Am 5. Juni 1915 schrieb meine Großmutter an ihren Sohn Johannes, der in Dresden bei der Firma Nossak & Baldamus angestellt war, einen Brief folgenden Inhalts:

Lieber Hans!

Teile Dir in aller Eile mit, dass gestern Abend bei uns 8 Mann von der Emden angekommen sind. Sie wohnen bei uns. Sie sammeln hier, bis alle zusammen sind. Willst Du morgen kommen? Mach wie Du willst, Du könntest Dir da die Unterschriften gehen lassen, von den Emdenleuten.
Die Schützen waren gestern Abend unten, die gesamte Kompagnie mit Musik.
Sprich aber gegen niemanden in Dresden davon, es soll geheim bleiben....

Mein Vater ist sofort nach Hause gefahren, denn einen Tag später befindet sich auf einer Karte der Vermerk: „Zur Erinnerung an den Ausflug nach dem Pfaffenstein." Unterschrieben von E. Schwaneberger und Johannes Günther. Mit dem Ober-Maschinistenmaat entwickelte sich in der Folge zumindest eine Brieffreundschaft. Eine Karte vom 13.6. von 13 Matrosen unter-schrieben, gibt das Fahrtziel Wilhelmshaven an. Der Aufenthalt bei meinen Grosseltern betrug somit ca. 8 Tage.

Es muss ihnen gefallen haben, denn auf jeder weiteren Zuschrift an meinen Vater werden auch immer die lieben Angehörigen gegrüßt.
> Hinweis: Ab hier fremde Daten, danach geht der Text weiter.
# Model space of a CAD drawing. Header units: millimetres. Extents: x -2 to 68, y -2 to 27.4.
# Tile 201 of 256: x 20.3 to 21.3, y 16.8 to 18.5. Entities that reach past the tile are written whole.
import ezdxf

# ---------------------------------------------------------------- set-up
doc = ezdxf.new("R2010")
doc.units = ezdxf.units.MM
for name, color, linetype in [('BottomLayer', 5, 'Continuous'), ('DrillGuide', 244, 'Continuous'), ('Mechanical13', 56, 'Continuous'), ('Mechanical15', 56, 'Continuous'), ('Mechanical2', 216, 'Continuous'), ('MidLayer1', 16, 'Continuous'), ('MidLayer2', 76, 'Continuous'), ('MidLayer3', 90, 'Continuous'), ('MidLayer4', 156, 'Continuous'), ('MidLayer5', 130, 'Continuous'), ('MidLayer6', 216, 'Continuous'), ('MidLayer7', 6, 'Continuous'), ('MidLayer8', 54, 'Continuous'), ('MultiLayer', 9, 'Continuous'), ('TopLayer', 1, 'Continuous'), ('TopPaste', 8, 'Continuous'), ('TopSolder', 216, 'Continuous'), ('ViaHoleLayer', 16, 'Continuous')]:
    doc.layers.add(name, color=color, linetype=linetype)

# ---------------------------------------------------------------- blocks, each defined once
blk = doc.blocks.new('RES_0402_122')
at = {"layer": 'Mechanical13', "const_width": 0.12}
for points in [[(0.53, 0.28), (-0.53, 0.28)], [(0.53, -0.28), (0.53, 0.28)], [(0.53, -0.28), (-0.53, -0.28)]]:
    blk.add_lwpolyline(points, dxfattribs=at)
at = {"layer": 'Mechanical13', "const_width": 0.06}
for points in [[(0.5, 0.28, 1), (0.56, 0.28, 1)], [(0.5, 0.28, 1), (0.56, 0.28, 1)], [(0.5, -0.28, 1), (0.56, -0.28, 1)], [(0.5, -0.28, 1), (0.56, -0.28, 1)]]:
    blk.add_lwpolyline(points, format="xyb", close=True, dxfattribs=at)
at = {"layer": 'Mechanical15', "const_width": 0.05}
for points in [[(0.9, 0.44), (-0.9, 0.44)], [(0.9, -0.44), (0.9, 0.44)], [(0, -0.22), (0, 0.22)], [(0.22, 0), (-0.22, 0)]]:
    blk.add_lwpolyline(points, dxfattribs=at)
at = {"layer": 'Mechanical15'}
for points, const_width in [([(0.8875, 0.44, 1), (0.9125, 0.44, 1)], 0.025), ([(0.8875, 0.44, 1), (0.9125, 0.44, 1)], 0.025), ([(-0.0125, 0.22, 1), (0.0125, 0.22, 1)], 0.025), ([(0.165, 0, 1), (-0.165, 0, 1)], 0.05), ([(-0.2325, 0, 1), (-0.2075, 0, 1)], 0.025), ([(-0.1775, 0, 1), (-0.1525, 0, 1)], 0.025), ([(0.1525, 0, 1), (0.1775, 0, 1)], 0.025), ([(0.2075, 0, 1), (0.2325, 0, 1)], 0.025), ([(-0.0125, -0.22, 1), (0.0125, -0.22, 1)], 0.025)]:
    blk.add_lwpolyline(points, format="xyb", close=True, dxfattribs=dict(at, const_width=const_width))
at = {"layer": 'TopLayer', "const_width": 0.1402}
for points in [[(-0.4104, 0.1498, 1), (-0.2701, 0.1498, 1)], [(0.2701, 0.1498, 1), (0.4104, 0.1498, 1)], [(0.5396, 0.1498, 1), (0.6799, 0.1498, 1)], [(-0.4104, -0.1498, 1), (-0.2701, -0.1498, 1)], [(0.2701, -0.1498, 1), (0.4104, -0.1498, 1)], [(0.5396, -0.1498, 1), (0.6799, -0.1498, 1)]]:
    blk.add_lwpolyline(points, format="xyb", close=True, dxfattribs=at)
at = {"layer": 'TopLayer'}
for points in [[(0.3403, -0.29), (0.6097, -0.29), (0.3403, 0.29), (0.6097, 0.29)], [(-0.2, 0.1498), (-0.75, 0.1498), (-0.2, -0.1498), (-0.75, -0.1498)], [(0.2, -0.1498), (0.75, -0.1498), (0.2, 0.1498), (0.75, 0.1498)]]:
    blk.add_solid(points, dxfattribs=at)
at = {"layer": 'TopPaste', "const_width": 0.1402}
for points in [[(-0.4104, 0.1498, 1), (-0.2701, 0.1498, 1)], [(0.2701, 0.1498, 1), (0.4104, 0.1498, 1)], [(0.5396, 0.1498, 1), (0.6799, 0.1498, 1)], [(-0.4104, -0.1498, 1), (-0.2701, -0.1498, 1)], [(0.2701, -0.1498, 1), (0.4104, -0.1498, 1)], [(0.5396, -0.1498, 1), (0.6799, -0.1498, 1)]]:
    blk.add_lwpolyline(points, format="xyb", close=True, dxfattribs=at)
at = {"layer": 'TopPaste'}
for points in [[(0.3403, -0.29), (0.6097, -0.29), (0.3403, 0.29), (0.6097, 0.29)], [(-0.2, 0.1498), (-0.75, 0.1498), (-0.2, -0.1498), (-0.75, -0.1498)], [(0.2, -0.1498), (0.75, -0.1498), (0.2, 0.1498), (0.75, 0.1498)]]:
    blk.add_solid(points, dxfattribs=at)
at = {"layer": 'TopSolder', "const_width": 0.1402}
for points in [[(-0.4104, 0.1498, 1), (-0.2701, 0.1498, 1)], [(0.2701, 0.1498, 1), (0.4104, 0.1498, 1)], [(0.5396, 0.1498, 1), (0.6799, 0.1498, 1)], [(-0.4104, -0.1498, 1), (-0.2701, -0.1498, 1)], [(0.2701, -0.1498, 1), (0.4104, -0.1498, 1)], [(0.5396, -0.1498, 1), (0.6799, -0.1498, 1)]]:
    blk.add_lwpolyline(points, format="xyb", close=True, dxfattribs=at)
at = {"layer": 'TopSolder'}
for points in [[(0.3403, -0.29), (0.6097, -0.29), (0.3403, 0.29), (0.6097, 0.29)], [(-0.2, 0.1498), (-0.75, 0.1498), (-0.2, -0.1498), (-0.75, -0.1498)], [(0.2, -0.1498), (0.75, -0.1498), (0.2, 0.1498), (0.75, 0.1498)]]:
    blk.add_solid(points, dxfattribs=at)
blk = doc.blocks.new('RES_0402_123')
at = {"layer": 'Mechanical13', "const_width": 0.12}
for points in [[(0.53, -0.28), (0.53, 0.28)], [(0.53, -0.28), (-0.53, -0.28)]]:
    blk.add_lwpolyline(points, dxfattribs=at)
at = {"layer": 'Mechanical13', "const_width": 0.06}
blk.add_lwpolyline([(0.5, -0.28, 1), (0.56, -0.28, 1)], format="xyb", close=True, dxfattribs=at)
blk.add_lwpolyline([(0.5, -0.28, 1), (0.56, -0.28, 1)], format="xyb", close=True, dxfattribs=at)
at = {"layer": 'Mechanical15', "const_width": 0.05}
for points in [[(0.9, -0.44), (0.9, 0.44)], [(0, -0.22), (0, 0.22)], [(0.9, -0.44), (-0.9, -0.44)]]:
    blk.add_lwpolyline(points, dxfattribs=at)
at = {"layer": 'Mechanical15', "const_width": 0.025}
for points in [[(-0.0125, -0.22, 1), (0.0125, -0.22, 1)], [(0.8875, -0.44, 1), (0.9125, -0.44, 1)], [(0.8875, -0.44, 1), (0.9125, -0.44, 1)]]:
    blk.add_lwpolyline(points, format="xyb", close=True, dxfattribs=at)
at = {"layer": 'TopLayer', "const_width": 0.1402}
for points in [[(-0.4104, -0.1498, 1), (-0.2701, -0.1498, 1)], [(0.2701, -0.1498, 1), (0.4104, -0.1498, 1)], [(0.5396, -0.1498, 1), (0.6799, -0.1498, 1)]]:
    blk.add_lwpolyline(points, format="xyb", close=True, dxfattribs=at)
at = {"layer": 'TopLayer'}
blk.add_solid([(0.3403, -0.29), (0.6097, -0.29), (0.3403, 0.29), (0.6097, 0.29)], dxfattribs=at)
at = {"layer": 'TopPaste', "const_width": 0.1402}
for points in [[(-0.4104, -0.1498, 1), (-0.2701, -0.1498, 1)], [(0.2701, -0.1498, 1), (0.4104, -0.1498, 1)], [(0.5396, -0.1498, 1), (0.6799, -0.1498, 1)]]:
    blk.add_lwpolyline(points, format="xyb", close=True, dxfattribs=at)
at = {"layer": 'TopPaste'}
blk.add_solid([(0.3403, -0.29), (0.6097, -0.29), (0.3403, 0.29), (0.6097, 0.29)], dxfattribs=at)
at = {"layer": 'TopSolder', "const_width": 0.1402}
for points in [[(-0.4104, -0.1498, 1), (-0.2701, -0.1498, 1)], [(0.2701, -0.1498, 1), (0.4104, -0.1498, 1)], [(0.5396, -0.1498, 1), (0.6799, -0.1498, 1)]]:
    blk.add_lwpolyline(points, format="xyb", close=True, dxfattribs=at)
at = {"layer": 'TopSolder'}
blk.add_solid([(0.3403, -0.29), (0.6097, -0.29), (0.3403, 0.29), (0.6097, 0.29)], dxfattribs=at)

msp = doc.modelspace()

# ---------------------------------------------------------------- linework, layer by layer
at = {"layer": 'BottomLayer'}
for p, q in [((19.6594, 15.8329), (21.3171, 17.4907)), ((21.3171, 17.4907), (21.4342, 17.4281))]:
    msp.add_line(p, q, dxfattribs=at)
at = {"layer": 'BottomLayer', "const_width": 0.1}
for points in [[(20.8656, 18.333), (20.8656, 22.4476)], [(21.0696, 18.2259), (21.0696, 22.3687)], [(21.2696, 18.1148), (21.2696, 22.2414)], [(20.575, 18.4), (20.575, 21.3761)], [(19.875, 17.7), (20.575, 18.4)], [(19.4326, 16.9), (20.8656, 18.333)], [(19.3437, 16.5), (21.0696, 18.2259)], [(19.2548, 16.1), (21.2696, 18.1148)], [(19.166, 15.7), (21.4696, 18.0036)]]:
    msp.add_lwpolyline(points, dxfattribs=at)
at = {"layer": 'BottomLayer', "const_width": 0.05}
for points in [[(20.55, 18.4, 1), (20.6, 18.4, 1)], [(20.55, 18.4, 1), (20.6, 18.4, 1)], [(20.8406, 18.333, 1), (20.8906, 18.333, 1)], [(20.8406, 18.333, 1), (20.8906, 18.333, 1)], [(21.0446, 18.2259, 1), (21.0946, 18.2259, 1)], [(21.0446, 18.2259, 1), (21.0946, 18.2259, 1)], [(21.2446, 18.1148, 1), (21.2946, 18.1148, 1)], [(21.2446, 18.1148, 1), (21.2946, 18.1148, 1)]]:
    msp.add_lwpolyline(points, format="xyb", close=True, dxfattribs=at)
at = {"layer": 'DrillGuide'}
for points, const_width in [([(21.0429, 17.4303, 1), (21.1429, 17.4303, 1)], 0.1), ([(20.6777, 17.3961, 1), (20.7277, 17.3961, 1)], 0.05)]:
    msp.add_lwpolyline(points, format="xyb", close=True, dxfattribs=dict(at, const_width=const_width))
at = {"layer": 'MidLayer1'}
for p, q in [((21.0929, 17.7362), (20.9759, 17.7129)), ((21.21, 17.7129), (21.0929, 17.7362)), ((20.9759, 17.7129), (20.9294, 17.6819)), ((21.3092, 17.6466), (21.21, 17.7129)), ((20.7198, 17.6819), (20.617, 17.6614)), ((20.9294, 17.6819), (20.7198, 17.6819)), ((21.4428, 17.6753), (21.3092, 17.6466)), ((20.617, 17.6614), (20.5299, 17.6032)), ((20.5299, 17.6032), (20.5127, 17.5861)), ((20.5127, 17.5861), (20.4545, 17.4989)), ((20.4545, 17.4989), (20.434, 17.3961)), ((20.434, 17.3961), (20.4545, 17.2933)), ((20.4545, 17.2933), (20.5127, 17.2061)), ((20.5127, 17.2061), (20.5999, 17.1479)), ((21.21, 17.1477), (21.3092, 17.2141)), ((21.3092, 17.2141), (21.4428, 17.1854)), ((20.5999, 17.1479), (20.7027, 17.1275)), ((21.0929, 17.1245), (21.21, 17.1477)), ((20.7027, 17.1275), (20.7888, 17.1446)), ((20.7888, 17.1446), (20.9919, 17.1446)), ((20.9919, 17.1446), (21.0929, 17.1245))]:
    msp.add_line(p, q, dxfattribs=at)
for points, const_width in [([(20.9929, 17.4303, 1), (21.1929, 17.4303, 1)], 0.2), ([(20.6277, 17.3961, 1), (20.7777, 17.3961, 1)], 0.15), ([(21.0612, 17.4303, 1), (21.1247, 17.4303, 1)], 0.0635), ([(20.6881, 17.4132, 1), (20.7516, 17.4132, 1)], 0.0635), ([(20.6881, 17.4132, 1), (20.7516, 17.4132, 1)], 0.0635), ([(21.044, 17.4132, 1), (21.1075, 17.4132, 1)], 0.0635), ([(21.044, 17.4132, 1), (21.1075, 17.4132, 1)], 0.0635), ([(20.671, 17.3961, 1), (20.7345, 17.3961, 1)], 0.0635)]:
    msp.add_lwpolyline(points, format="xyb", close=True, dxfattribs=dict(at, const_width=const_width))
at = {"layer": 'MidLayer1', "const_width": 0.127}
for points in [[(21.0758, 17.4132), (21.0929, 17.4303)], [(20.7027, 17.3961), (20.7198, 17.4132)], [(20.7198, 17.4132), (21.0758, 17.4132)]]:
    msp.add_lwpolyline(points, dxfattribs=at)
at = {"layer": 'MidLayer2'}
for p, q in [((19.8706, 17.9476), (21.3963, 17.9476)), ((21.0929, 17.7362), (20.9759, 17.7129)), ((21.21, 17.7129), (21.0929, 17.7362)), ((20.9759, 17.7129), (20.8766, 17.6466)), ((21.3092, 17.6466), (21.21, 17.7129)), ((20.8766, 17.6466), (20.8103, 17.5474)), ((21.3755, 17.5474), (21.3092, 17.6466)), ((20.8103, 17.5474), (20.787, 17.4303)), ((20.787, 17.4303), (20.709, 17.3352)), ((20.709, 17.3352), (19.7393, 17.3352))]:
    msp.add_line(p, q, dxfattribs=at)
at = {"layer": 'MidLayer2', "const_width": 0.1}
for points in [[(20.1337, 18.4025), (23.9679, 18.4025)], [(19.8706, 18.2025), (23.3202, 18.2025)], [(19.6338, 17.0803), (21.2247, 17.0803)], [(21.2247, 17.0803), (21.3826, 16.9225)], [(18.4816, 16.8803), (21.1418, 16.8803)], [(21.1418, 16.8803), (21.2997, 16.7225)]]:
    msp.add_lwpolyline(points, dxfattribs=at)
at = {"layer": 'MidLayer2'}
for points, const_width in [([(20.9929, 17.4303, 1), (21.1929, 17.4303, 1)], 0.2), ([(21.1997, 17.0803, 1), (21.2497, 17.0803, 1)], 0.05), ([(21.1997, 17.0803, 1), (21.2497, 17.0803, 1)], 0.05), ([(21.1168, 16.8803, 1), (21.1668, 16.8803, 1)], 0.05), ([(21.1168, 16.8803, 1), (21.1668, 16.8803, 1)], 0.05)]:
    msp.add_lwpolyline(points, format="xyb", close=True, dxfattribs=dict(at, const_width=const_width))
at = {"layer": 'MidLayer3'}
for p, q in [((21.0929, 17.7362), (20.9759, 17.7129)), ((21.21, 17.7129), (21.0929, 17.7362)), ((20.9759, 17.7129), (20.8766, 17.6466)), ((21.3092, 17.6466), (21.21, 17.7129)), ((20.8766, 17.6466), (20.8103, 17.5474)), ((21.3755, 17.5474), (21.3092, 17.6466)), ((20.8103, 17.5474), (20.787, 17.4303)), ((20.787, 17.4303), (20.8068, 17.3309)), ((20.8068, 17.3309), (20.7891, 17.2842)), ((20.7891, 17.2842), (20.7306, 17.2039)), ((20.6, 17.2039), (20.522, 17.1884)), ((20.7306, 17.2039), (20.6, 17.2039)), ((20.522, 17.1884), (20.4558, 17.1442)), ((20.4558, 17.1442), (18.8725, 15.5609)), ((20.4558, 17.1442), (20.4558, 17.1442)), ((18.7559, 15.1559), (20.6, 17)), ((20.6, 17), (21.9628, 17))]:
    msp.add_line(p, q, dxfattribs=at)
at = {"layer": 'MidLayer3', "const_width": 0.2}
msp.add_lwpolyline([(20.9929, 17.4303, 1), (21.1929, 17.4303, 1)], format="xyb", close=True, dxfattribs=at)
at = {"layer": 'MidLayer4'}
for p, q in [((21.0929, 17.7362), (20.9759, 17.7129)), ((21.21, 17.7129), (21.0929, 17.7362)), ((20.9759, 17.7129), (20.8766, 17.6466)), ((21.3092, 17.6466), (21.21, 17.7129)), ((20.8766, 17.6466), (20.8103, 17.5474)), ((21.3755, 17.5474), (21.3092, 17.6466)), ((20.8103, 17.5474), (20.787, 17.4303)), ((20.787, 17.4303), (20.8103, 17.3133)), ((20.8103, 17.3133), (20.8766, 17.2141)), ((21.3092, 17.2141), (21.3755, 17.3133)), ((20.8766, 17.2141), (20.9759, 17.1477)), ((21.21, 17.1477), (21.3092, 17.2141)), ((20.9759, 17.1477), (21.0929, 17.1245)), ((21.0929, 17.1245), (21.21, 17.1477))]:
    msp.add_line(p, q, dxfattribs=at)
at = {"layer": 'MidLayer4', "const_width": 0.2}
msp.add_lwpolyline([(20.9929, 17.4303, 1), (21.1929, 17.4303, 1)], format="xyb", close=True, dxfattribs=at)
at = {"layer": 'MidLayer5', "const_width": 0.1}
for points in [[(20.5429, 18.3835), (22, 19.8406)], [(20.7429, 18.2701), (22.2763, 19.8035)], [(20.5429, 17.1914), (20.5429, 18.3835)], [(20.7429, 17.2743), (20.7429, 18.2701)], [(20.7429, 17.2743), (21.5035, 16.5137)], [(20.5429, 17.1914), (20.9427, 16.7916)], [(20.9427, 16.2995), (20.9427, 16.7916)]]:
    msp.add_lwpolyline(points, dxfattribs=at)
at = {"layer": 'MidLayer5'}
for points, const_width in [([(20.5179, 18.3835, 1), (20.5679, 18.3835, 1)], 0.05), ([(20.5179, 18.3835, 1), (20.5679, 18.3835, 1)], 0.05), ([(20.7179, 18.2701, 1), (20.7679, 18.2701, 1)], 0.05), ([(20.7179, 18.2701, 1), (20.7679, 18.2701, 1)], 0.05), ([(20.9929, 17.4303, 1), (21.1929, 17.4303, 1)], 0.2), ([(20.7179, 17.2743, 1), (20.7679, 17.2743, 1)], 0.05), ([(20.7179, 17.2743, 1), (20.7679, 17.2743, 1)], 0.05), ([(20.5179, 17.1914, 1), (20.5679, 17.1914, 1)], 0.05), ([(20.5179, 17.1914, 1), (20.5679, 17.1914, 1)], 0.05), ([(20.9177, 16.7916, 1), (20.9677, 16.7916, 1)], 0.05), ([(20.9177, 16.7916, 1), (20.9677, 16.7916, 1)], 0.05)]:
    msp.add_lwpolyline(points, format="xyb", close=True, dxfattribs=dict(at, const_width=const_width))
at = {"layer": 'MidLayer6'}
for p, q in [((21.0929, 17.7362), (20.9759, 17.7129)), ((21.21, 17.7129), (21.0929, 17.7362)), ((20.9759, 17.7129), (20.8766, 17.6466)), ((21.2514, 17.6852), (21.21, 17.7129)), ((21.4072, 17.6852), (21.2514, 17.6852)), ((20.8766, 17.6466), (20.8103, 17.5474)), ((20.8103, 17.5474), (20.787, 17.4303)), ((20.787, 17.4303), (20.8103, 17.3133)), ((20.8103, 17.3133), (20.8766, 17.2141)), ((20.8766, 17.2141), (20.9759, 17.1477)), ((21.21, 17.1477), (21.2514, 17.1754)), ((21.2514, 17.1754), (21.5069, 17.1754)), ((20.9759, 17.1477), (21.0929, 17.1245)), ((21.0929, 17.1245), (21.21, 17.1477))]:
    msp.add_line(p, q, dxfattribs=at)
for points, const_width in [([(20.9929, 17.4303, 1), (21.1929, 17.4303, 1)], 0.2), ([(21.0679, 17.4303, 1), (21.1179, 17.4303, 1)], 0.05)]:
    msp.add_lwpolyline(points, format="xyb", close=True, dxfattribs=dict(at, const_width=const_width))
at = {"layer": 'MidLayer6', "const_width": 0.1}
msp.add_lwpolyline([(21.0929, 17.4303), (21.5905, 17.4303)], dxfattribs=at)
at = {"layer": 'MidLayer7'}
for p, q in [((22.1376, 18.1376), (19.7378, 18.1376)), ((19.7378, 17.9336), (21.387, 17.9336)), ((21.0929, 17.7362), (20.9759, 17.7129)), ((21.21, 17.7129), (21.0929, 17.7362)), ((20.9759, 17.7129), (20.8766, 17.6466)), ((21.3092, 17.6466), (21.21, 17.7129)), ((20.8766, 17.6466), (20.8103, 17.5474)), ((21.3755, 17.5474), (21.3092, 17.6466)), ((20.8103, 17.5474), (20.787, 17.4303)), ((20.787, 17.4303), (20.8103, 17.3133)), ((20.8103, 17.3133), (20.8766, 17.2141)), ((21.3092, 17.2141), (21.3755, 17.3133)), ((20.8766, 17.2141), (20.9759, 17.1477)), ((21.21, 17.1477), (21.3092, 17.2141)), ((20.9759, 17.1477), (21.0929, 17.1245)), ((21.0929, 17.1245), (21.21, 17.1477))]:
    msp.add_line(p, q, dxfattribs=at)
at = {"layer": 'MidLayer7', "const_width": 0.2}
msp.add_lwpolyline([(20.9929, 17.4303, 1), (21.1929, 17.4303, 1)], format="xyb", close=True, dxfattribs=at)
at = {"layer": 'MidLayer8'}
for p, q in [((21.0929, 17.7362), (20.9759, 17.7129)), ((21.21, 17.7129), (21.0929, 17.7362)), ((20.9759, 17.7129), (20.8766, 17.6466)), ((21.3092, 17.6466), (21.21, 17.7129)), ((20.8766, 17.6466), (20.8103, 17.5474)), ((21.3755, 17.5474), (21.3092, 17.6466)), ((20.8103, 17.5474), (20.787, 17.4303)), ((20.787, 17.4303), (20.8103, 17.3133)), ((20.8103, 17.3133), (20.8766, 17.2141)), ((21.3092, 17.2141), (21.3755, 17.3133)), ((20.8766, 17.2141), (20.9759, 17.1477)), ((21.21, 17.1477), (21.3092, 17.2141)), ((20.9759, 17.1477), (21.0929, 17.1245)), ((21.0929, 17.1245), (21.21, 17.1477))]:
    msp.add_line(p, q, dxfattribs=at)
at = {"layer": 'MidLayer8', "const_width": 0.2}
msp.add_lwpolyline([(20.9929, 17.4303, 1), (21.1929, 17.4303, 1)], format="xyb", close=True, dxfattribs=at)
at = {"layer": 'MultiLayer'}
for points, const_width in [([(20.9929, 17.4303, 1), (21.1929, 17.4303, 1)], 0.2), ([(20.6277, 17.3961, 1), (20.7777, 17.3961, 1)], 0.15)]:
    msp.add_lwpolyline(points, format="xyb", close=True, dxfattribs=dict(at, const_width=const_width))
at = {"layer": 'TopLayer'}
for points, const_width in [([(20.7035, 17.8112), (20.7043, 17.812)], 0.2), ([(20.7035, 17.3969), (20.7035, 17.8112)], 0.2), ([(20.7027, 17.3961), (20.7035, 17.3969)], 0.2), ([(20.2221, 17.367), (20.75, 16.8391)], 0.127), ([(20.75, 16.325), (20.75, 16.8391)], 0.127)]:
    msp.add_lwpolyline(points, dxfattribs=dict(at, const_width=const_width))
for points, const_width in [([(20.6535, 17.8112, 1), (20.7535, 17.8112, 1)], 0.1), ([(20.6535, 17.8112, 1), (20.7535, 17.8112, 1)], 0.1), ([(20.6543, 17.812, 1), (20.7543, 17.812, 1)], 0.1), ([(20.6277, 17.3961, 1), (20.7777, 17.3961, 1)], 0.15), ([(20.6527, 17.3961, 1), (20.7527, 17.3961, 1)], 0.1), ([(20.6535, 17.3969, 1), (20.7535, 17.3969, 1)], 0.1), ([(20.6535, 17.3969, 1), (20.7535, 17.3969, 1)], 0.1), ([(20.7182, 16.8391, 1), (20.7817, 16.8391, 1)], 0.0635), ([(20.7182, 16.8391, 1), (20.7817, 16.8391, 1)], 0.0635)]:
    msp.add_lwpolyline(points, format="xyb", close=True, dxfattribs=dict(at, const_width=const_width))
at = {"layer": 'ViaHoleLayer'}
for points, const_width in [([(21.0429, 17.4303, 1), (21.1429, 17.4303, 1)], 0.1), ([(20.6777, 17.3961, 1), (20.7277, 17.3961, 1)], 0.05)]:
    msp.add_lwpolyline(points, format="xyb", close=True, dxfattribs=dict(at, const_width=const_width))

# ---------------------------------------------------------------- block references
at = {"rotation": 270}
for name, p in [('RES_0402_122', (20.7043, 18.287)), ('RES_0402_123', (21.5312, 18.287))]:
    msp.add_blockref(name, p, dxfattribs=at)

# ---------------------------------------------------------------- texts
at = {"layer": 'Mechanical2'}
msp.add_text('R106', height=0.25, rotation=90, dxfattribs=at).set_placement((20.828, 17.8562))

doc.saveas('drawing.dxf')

Auf einer Karte vom 29.7. desselben Jahres, erwähnt Erich Schwaneberger, dass er sich mit einigen Leuten der EMDEN treffen will.
Absender: Wilhelmshaven S. M. S. „LEIPZIG“. (Hulk)
Die nächste Karte vom 22. 8. kommt auch aus Wilhelmshaven, jetzt aber von der Werftdivision. Er schreibt, dass er in den letzten Wochen sehr wenig Zeit hatte, da er an einem Kursus mit Examen teilnimmt.
Die letzte mir bekannte Nachricht von E. Schwaneberger ist datiert vom 10. März 1918. Ab gesandt von S. M. S. Wiesbaden. Auf ihr ist sinnigerweise ein Gedicht mit der Überschrift „Der letzte Gruß".

Ein Brief meines Vaters an den Ober-Masch.Maat war noch geschlossen. Auf dem Brief ein Stempel mit dem Wort "ZURÜCK". Darunter der handschriftliche Vermerk "Adressat vermisst".
Im Brief befand sich eine Karte mit folgendem Wortlaut:

Dresden 2.6.16
Sehr geehrter Herr Obermaat!
Ich habe Ihre letzte Karte erhalten und sage Ihnen dafür meinen besten Dank. Soeben wird der große Seesieg bekannt und auch der heldenmütige Untergang der S.M.S. Wiesbaden und nun hoffe ich, dass Sie diese Karte erreichen wird.
Mit besten Glückwünschen Ihr Joh. Günther

Auf der Karte befand sich ein Gedicht mit der Überschrift "Der letzte Mann". Gewissheit habe ich nicht, doch ist es sehr wahrscheinlich, dass E. Schwaneberger beim Untergang des Schiffes sein kühles Grab gefunden hat. Krieg ist immer grausam und nimmt auch keine Rücksicht auf Helden.

Ich weiß nicht, ob dieses Erlebnis eine nachhaltige Wirkung auf meinen Vater hatte. Bei seiner Einberufung kam oder meldete er sich jedenfalls zu den Matrosen, wo er u. a. auch bei der Werftdivision in Wilhelmshaven eine Ausbildung erhielt."

Hier enden die Ausführungen Wolfgang Günthers zu seinen Entdeckungen. Mich beschäftigten sie jedoch noch eine ganze Zeit.